• _What you are asked to do_
Your answer should be one number, namely how many lines in the listing below include the word "storing".

(Records to process)

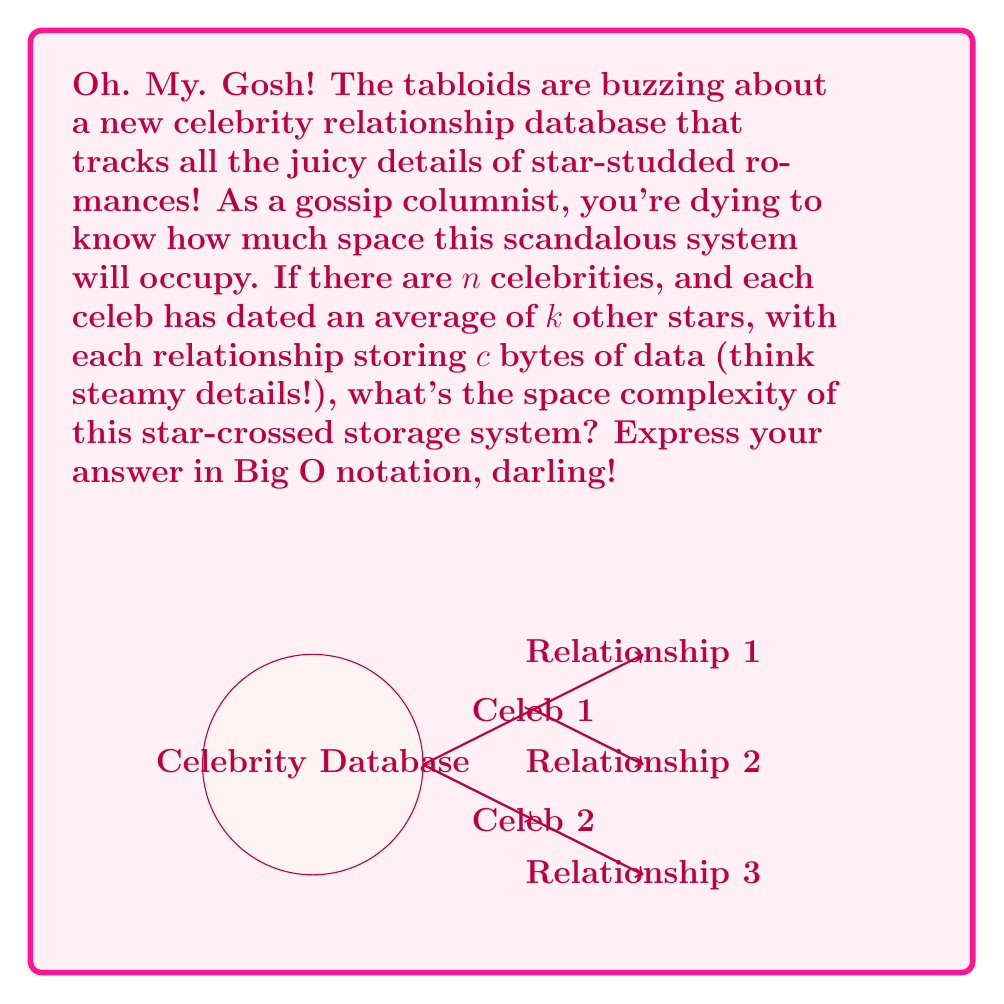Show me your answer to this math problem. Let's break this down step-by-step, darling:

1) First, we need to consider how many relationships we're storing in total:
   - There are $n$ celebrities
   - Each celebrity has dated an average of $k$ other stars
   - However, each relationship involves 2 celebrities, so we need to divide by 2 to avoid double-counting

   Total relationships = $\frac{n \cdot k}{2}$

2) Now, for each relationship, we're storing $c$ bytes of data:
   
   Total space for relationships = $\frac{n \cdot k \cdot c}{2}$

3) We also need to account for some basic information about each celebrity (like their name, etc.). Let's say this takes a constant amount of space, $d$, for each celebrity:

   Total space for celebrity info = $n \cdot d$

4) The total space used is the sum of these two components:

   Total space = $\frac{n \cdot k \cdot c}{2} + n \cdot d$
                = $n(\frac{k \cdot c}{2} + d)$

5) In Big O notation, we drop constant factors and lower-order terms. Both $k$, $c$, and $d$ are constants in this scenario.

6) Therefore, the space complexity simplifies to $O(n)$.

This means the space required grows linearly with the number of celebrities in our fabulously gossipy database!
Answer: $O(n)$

(End Records to process)
(Records to process)

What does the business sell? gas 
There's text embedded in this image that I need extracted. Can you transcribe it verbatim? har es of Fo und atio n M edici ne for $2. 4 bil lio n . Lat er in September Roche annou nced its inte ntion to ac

(End Records to process)
(Records to process)

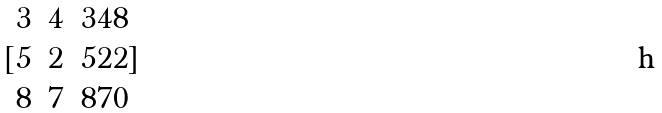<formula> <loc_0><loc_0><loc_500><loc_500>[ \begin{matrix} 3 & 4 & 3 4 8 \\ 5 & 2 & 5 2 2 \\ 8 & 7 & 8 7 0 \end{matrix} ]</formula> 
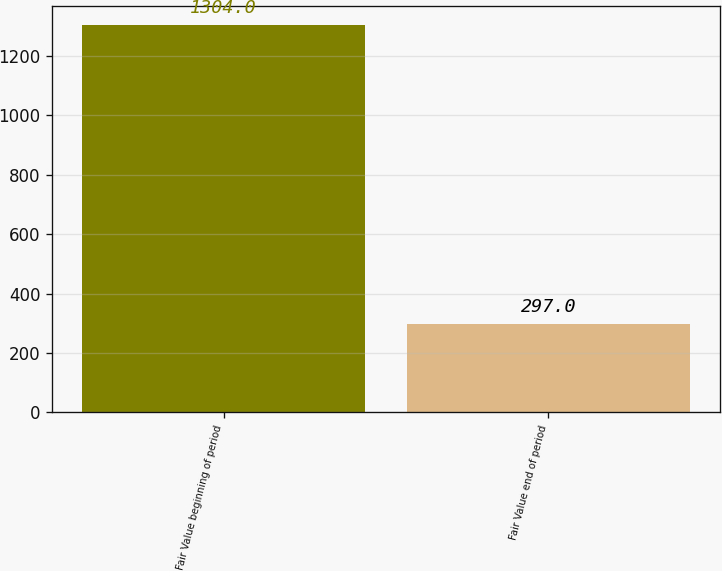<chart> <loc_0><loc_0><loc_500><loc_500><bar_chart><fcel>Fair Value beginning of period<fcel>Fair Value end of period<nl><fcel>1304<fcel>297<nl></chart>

(End Records to process)

• _Task response_
2